Forum OpenACS Development: Re: Fixing a very slow query

Posted by russ m on
I've got no idea if you still care about this, but...

it's not the sort, it's the big outer nested loop that's killing you... the first result is returned 19.707ms after it starts, and the last is almost 26 seconds later... the outer sort starts ~1ms after the nested loop completes and takes less than a millisecond...

the innermost seq. scan on cr_folders is the real issue - it's cheap but is executed 5301 times in that example... it's also odd that cr_folders is being seq. scanned when they're all doing is a direct match against folder_id - is there any chance that cr_folders.folder_id is not indexed, or the db hasn't been vacuumed in a while?

a rough guess is (depending on your PG version and it's planner) you might see a worthwhile improvement by shifting the "and not exists (select 1 from ...)" condition above "and exists (select 1 from cr_folders f where f.folder_id = i.item_id)" and see if the planner is smart enough to take the hint about checking item_id and tree_sortkey before seq. scanning cr_folders to see if the item in question happens to be a folder...

Posted by Richard Hamilton on
I thought that the query planner was supposed to be clever enough to select the best method! I also have always been led to believe that 'exists' is superior to 'in' because the subquery need only return a boolean value rather that requiring a sequential search through the subquery output.

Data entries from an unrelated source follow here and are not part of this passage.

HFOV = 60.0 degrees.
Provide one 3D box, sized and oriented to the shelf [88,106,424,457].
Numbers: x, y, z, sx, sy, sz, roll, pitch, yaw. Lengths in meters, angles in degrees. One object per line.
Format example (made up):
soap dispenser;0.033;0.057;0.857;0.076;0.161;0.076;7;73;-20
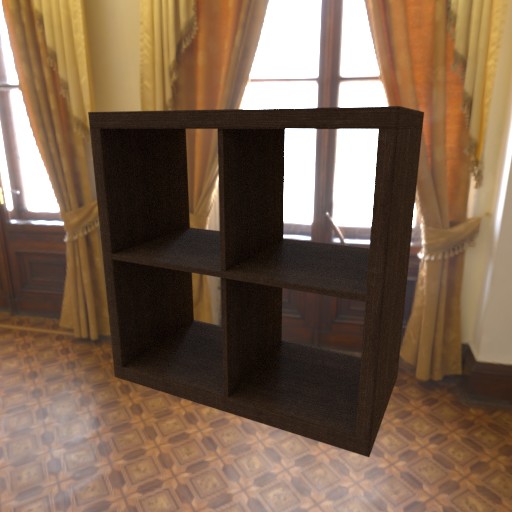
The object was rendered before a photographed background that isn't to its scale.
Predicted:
shelf;0.000;0.000;1.272;0.790;0.786;0.390;8;18;25
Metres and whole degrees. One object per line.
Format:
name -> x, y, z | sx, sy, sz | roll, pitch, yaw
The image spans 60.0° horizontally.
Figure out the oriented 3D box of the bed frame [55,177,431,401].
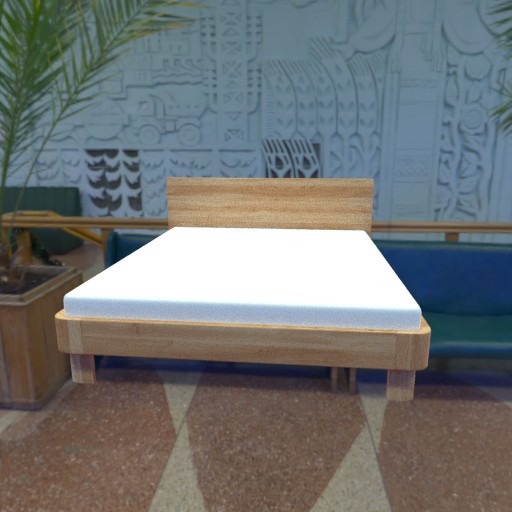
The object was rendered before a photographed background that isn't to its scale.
bed frame -> 0.000, 0.000, 3.112 | 1.872, 0.940, 2.092 | 1, 14, 6
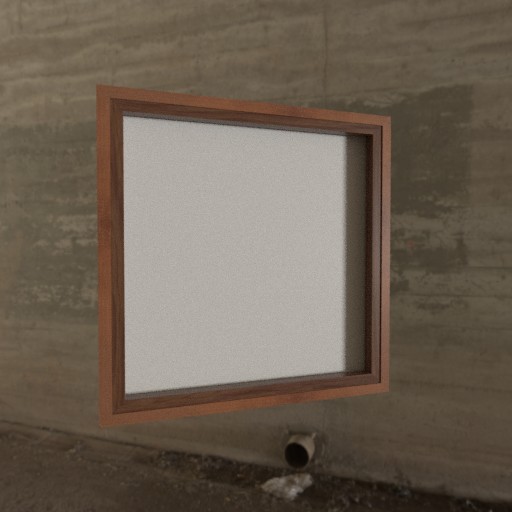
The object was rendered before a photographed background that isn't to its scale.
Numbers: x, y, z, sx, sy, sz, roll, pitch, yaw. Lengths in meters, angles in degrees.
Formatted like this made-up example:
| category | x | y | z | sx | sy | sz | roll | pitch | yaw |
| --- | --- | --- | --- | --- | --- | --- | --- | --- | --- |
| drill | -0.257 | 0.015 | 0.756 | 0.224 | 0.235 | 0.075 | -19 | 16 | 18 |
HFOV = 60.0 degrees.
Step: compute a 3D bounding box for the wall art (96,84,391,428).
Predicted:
| category | x | y | z | sx | sy | sz | roll | pitch | yaw |
| --- | --- | --- | --- | --- | --- | --- | --- | --- | --- |
| wall art | 0.000 | 0.000 | 0.600 | 0.403 | 0.403 | 0.035 | 0 | 1 | -19 |
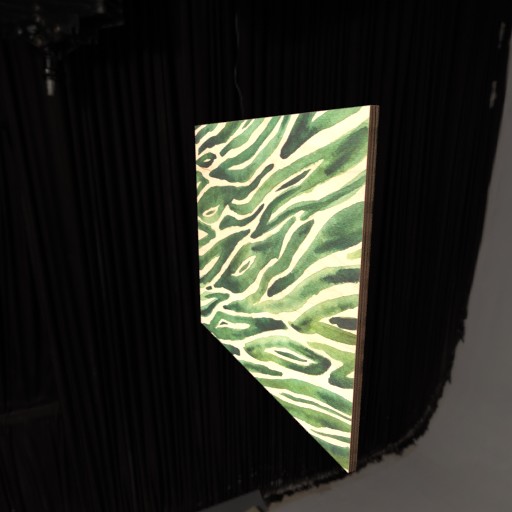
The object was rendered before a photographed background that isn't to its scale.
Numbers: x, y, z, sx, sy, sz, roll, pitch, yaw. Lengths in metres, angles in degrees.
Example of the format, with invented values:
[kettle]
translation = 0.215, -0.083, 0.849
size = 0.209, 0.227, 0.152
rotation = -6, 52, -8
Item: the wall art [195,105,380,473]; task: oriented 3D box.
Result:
[wall art]
translation = 0.000, 0.000, 0.692
size = 0.012, 0.408, 0.508
rotation = -7, 16, -26
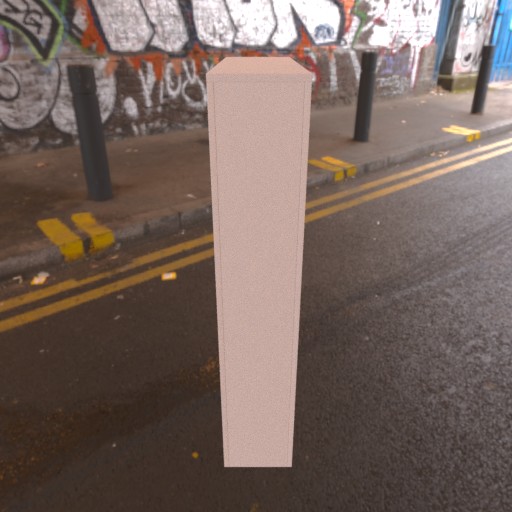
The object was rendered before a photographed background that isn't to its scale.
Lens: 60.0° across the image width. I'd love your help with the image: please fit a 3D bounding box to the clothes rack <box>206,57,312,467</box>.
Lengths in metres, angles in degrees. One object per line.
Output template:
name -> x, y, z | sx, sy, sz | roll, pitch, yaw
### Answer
clothes rack -> 0.000, 0.000, 1.602 | 0.250, 1.280, 0.750 | 0, 27, 0
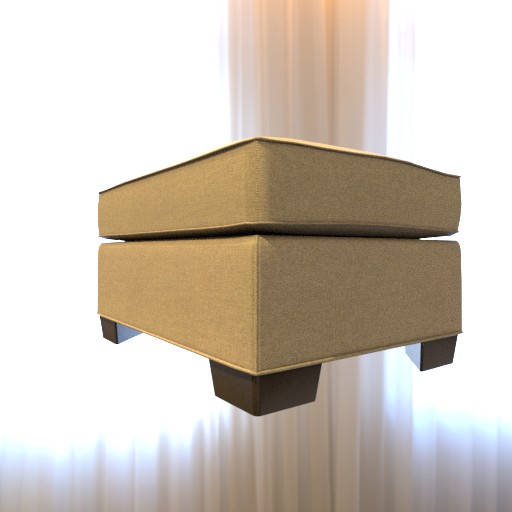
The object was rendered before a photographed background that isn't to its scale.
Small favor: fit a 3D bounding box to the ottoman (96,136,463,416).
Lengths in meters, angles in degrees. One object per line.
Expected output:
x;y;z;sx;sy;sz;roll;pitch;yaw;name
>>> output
0.000;0.000;1.199;0.619;0.504;0.843;-1;1;-36;ottoman
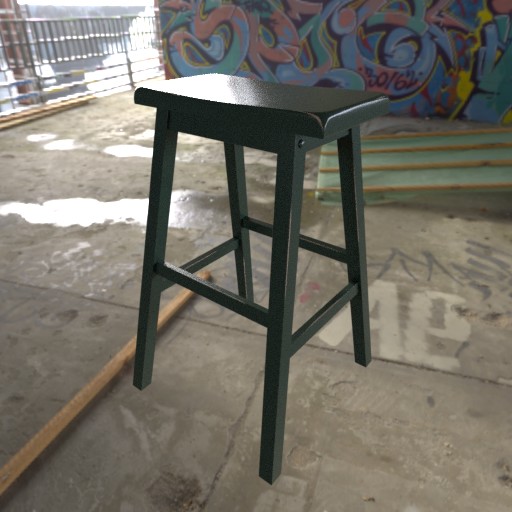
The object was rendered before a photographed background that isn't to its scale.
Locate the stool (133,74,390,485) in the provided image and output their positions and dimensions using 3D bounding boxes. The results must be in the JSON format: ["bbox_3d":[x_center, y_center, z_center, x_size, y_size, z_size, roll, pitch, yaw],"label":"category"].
[{"bbox_3d":[0.000,0.000,1.033,0.457,0.737,0.476,21,36,33],"label":"stool"}]
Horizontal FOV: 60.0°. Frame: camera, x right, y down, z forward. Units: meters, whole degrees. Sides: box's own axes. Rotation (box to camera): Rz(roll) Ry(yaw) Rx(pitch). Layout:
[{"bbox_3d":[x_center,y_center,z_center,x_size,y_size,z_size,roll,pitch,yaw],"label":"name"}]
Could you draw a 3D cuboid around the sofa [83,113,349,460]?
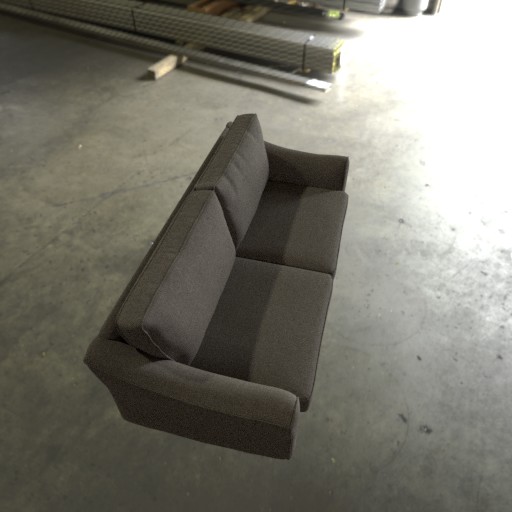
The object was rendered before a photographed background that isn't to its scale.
[{"bbox_3d":[0.000,0.000,2.792,1.013,0.976,2.203,10,46,10],"label":"sofa"}]
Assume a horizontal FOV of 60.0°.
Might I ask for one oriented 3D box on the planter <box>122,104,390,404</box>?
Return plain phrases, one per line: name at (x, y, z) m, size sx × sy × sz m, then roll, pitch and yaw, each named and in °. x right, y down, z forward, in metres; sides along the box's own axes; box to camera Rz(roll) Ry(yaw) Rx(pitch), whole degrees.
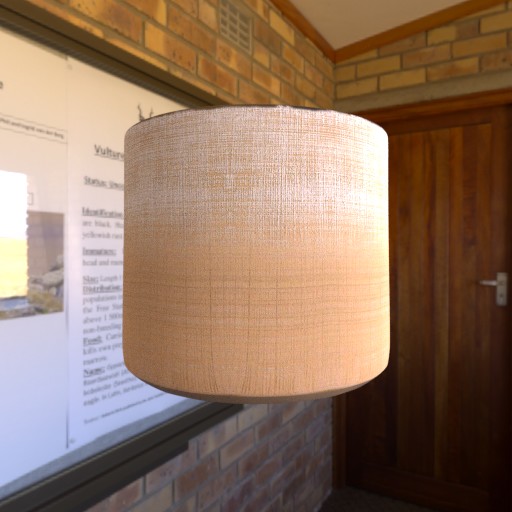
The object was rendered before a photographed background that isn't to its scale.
planter at (0.000, 0.000, 0.438) m, size 0.254 × 0.221 × 0.254 m, roll 0°, pitch 1°, yaw 0°
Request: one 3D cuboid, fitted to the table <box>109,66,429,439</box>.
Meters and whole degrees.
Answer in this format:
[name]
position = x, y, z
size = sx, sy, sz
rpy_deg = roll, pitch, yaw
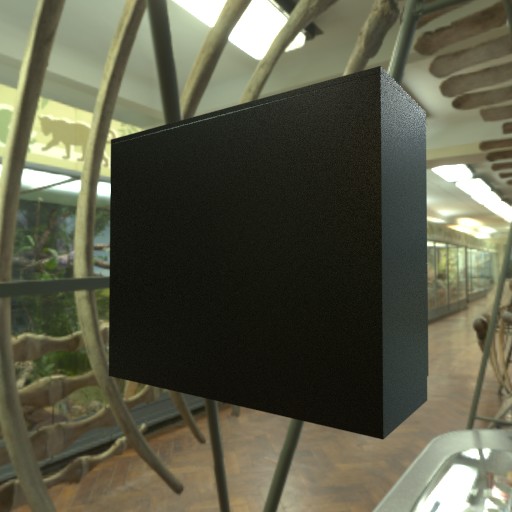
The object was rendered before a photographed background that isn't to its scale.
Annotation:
[table]
position = 0.000, 0.000, 1.362
size = 0.930, 0.790, 0.380
rpy_deg = -1, -2, 36
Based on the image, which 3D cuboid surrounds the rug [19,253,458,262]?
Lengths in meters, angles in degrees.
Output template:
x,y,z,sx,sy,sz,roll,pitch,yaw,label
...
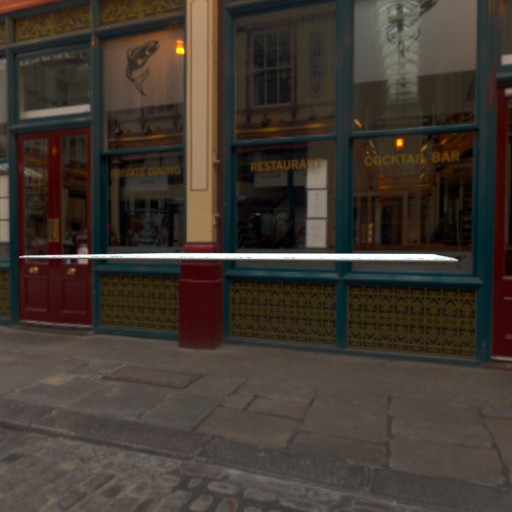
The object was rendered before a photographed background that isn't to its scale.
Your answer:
x,y,z,sx,sy,sz,roll,pitch,yaw,label
0.000,0.000,2.815,2.197,0.014,1.586,0,1,19,rug
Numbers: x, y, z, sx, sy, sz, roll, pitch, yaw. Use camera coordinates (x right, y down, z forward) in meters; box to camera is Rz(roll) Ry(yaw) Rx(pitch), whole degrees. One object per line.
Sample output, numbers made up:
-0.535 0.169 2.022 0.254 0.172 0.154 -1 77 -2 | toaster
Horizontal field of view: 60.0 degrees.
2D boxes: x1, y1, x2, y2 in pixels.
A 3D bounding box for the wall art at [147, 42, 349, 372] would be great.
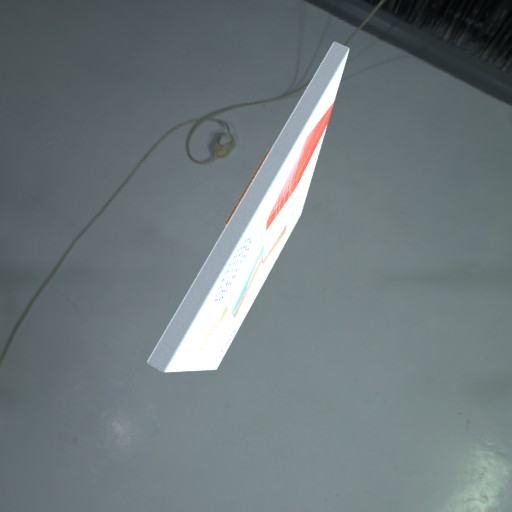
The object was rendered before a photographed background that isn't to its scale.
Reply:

I remember asking questions about optimising the permissions queries in OpenACS after seeing some very strange query times. It was Don who explained that 'vacuum analyse' in postgres collects stats and allows the planner to make much better decisions.

The combination of indices on the integer keys and multiple runs of vacuum analyse should result in a much improved execution plan.


Posted by Don Baccus on
Statistics-based optimization will always be fooled at times, unfortunately.

Regarding "exists" vs. "in", you're probably remembering advice from long ago, as the PG people figured out how to implement "in" as a special kind of join-like operation some years ago, thus making it as efficient in PG as it had been in Oracle.

In the past "in" was always extremely slow.

"exists" should still be faster, though.

Posted by Janine Ohmer on
Thanks! Although I eventually punted on that particular query, your post was helpful to me in reading the explain output for another one just a few days ago. I find the documentation for explain to be rather... opaque, to say the least.